Stored data:
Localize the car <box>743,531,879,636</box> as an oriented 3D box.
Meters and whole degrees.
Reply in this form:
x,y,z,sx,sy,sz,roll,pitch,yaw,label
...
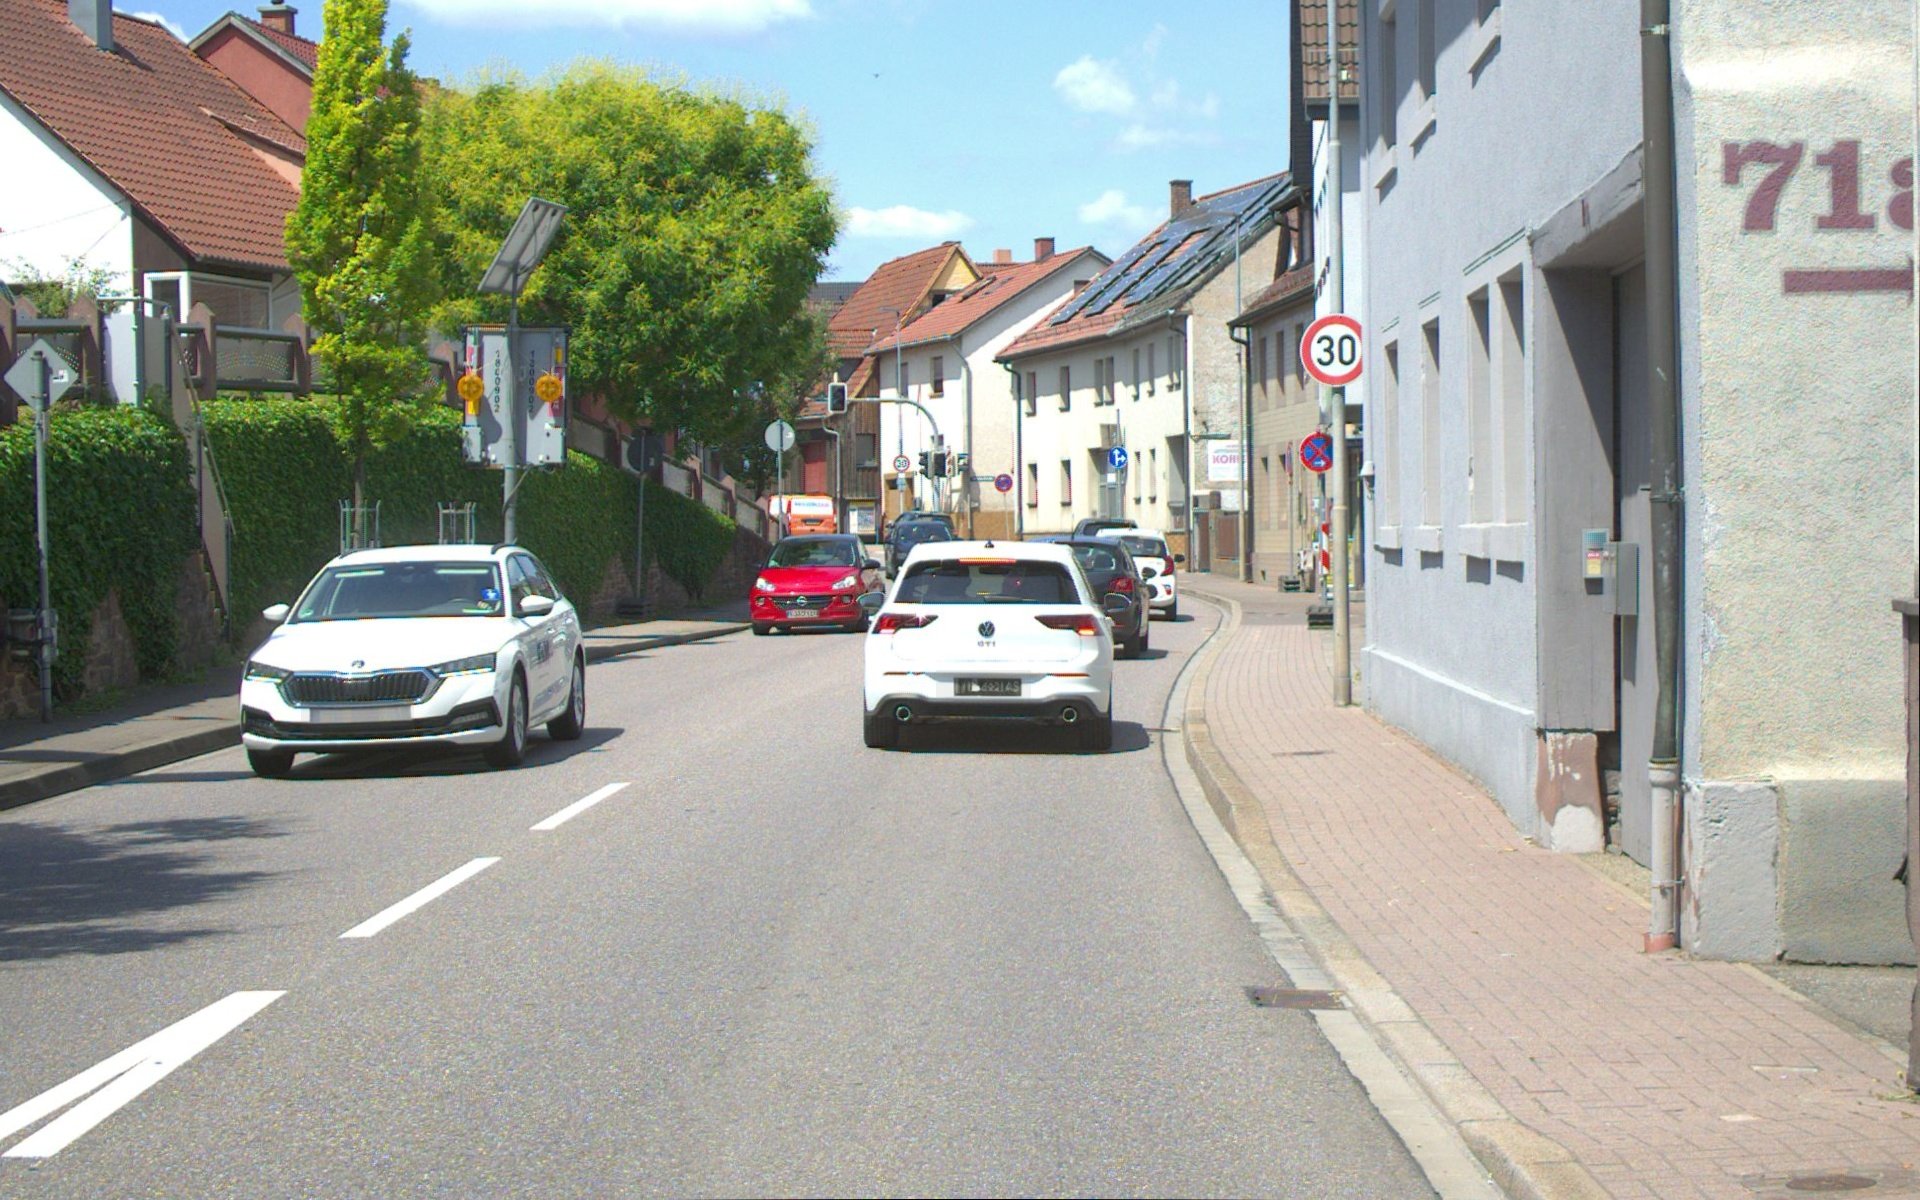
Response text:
x,y,z,sx,sy,sz,roll,pitch,yaw,label
-2.201,-0.274,51.685,1.617,1.439,3.801,-2,1,3,car

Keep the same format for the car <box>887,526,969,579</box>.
x,y,z,sx,sy,sz,roll,pitch,yaw,label
-0.995,-1.455,104.269,1.775,1.533,4.001,-1,1,-11,car

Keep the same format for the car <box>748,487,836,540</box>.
x,y,z,sx,sy,sz,roll,pitch,yaw,label
-5.761,-2.957,117.721,1.775,1.759,4.001,-1,1,-22,car

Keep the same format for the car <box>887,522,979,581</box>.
x,y,z,sx,sy,sz,roll,pitch,yaw,label
-0.626,-1.191,82.865,1.794,1.373,4.116,0,1,5,car

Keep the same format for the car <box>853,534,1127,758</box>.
x,y,z,sx,sy,sz,roll,pitch,yaw,label
0.178,0.278,25.072,1.807,1.462,4.000,1,1,-1,car

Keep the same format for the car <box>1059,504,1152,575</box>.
x,y,z,sx,sy,sz,roll,pitch,yaw,label
3.179,-1.347,75.804,1.775,1.533,4.001,0,1,-2,car

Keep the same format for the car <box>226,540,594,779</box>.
x,y,z,sx,sy,sz,roll,pitch,yaw,label
-3.694,0.337,23.829,1.813,1.442,4.430,-2,1,0,car

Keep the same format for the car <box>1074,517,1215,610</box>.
x,y,z,sx,sy,sz,roll,pitch,yaw,label
3.142,-0.620,57.773,1.808,1.462,3.998,1,1,11,car

* What this task involves
Without including any picture, repeat the data exactly.

* Output of the exercise
Localize the car <box>743,531,879,636</box> as an oriented 3D box.
Meters and whole degrees.
Reply in this form:
x,y,z,sx,sy,sz,roll,pitch,yaw,label
...
Response text:
x,y,z,sx,sy,sz,roll,pitch,yaw,label
-2.201,-0.274,51.685,1.617,1.439,3.801,-2,1,3,car

Keep the same format for the car <box>887,526,969,579</box>.
x,y,z,sx,sy,sz,roll,pitch,yaw,label
-0.995,-1.455,104.269,1.775,1.533,4.001,-1,1,-11,car

Keep the same format for the car <box>748,487,836,540</box>.
x,y,z,sx,sy,sz,roll,pitch,yaw,label
-5.761,-2.957,117.721,1.775,1.759,4.001,-1,1,-22,car

Keep the same format for the car <box>887,522,979,581</box>.
x,y,z,sx,sy,sz,roll,pitch,yaw,label
-0.626,-1.191,82.865,1.794,1.373,4.116,0,1,5,car

Keep the same format for the car <box>853,534,1127,758</box>.
x,y,z,sx,sy,sz,roll,pitch,yaw,label
0.178,0.278,25.072,1.807,1.462,4.000,1,1,-1,car

Keep the same format for the car <box>1059,504,1152,575</box>.
x,y,z,sx,sy,sz,roll,pitch,yaw,label
3.179,-1.347,75.804,1.775,1.533,4.001,0,1,-2,car

Keep the same format for the car <box>226,540,594,779</box>.
x,y,z,sx,sy,sz,roll,pitch,yaw,label
-3.694,0.337,23.829,1.813,1.442,4.430,-2,1,0,car

Keep the same format for the car <box>1074,517,1215,610</box>.
x,y,z,sx,sy,sz,roll,pitch,yaw,label
3.142,-0.620,57.773,1.808,1.462,3.998,1,1,11,car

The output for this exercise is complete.